In order to hydrolyze the biomass polysaccharides into fermentable sugars, for example by depolymerization, such pretreatment processes as steam explosion, mild acid treatment, strong acid treatment, ammonia treatment, hydroxide treatment, etc. are employed. No matter what it is, the pretreatment process should be environment-friendly and economically feasible. The pretreatment method will be selected considering process dependency and cost, as well as process yield and production parameters.
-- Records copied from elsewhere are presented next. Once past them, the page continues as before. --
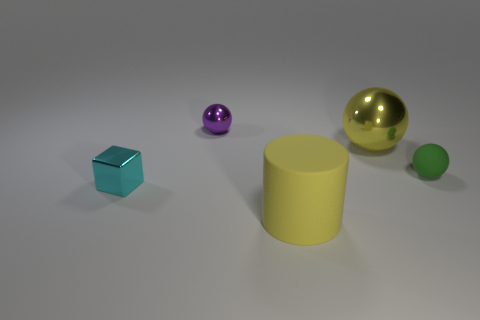Add 1 tiny green shiny cylinders. How many objects exist? 6 Subtract all cubes. How many objects are left? 4 Subtract 1 cyan blocks. How many objects are left? 4 Subtract all small green rubber objects. Subtract all big yellow balls. How many objects are left? 3 Add 4 big metallic balls. How many big metallic balls are left? 5 Add 5 metallic spheres. How many metallic spheres exist? 7 
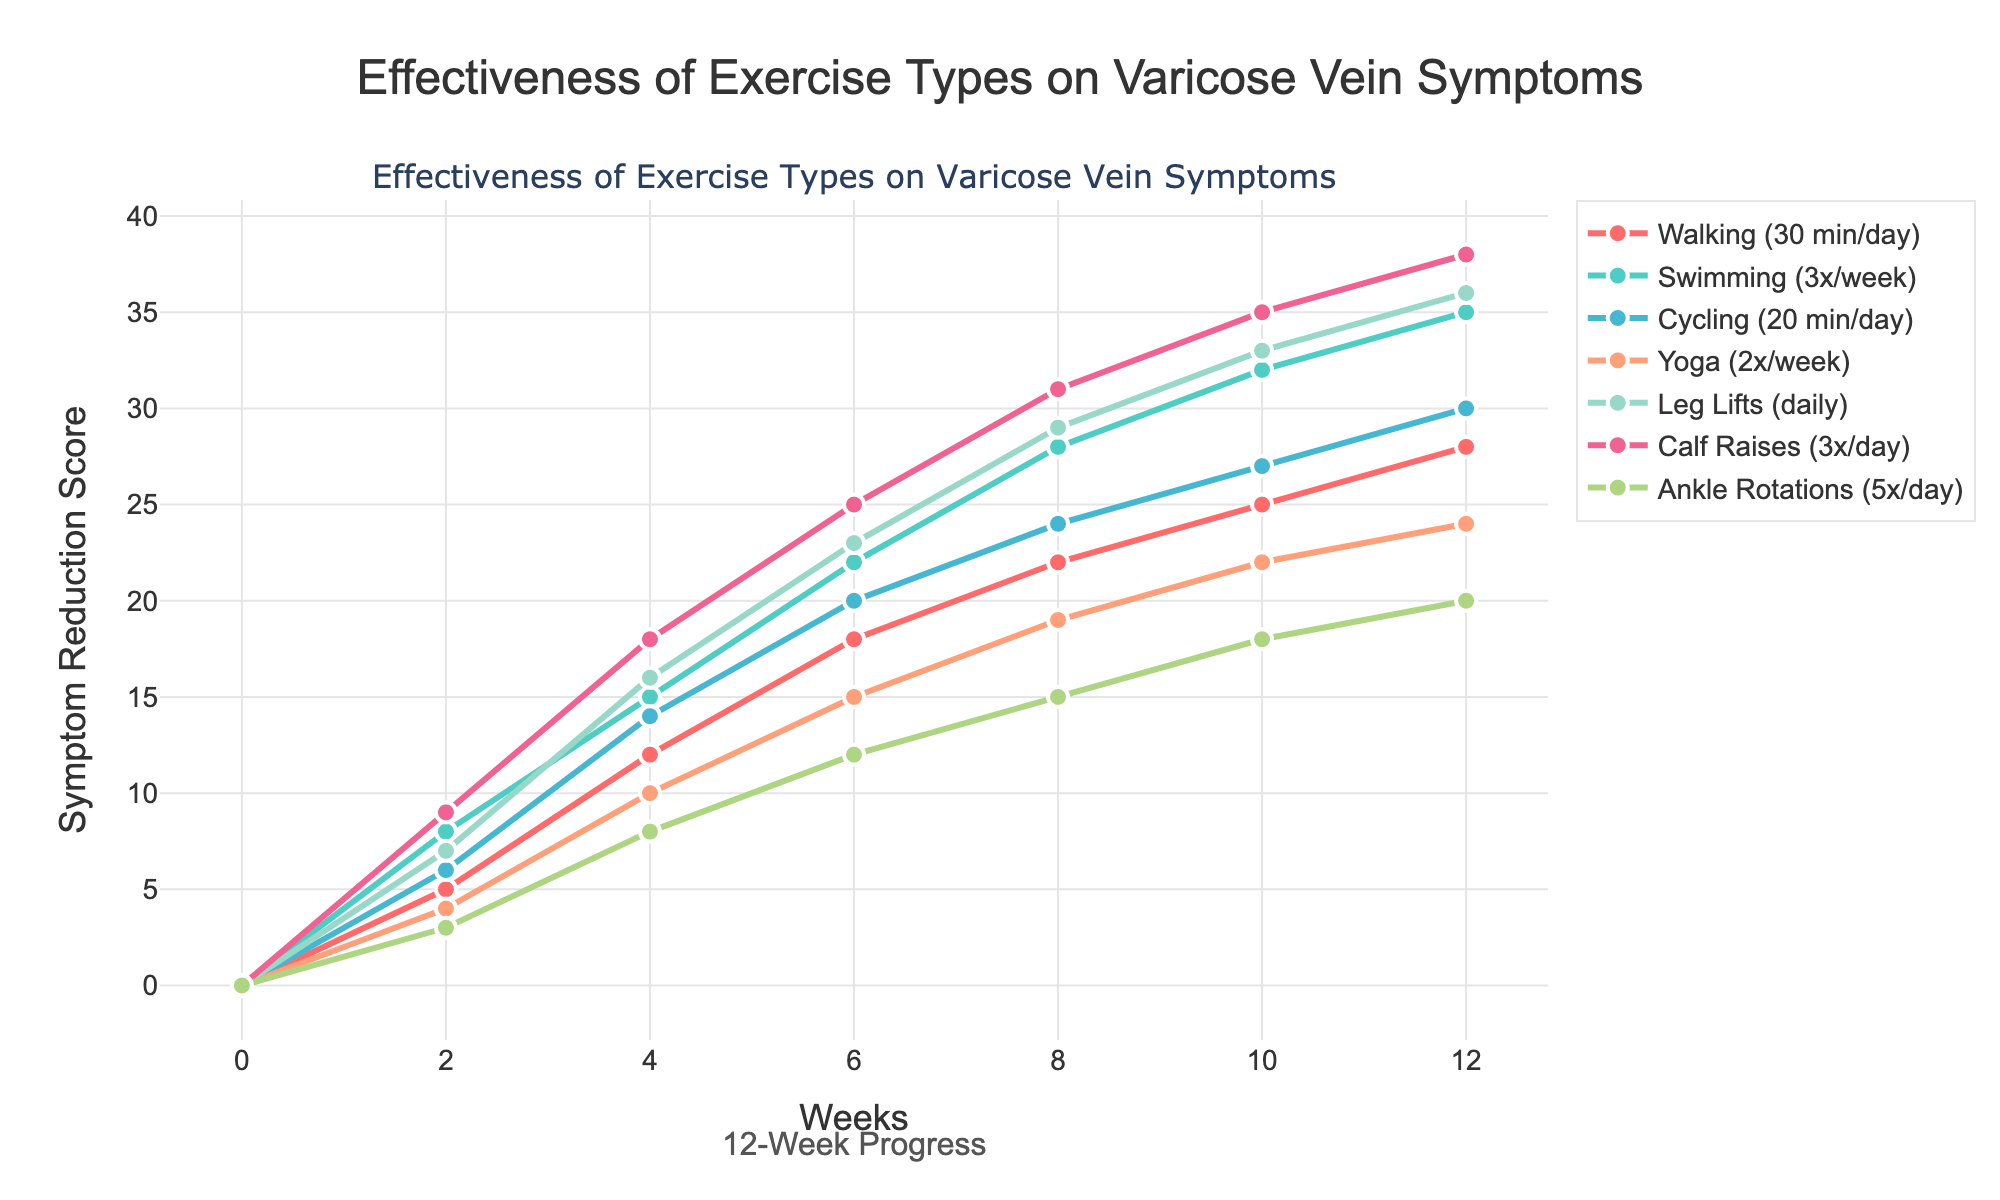Which exercise type shows the highest symptom reduction score at week 12? Look for the endpoint of the curves at week 12, then identify which one is the highest. The "Calf Raises (3x/day)" line ends at 38, which is the highest.
Answer: Calf Raises (3x/day) Which exercise type shows a consistent improvement every 2 weeks without any decrease? Check each exercise type's line for a steady upward trend without any drops at any point. All lines show consistent improvement.
Answer: All exercises By how much did "Walking (30 min/day)" improve from week 0 to week 12? Subtract the week 0 symptom reduction score from the week 12 score for "Walking". 28 (week 12) - 0 (week 0) = 28.
Answer: 28 Which exercise type had the smallest symptom reduction score at week 4? Check the y-values for each exercise type at week 4. "Ankle Rotations (5x/day)" has the smallest value of 8 at week 4.
Answer: Ankle Rotations (5x/day) Between "Yoga (2x/week)" and "Cycling (20 min/day)", which one had a greater improvement between week 8 and week 12? Compare the differences in scores between week 8 and week 12 for both exercises: Yoga (24 - 19 = 5) and Cycling (30 - 24 = 6). Cycling shows a greater improvement.
Answer: Cycling (20 min/day) What is the average symptom reduction score for "Leg Lifts (daily)" over the 12-week period? Sum the values for "Leg Lifts (daily)" across all weeks and divide by the number of weeks: (0 + 7 + 16 + 23 + 29 + 33 + 36) / 7 = 144 / 7 ≈ 20.57.
Answer: ~20.57 How much more effective was "Swimming (3x/week)" than "Walking (30 min/day)" at week 6? Subtract the symptom reduction score for "Walking" from that of "Swimming" at week 6. Swimming (22) - Walking (18) = 4.
Answer: 4

The present disclosure presents a method for producing new renewable energy allowing to cope with the global climate change by removing carbon dioxide from the atmosphere by photosynthesis, without affecting the global grain prices. And, the by-product produced during bioethanol production may be used as livestock feed additives, fuels for steam and power generation, raw materials of gypsum board, cement additives, fertilizers, or the like. Thus, the present disclosure provides a method for utilizing non-food biomass from corn stover, rice straw, wheat straw, fruit skin, sugar cane stalk or sorghum stalk, which are available in large scale at low cost, 100% as a valuable resource.
Throughout the specification, a number of publications and patent documents are referred to and cited. The disclosure of the cited publications and patent documents is incorporated herein by reference in its entirety to more clearly describe the state of the related art and the present disclosure.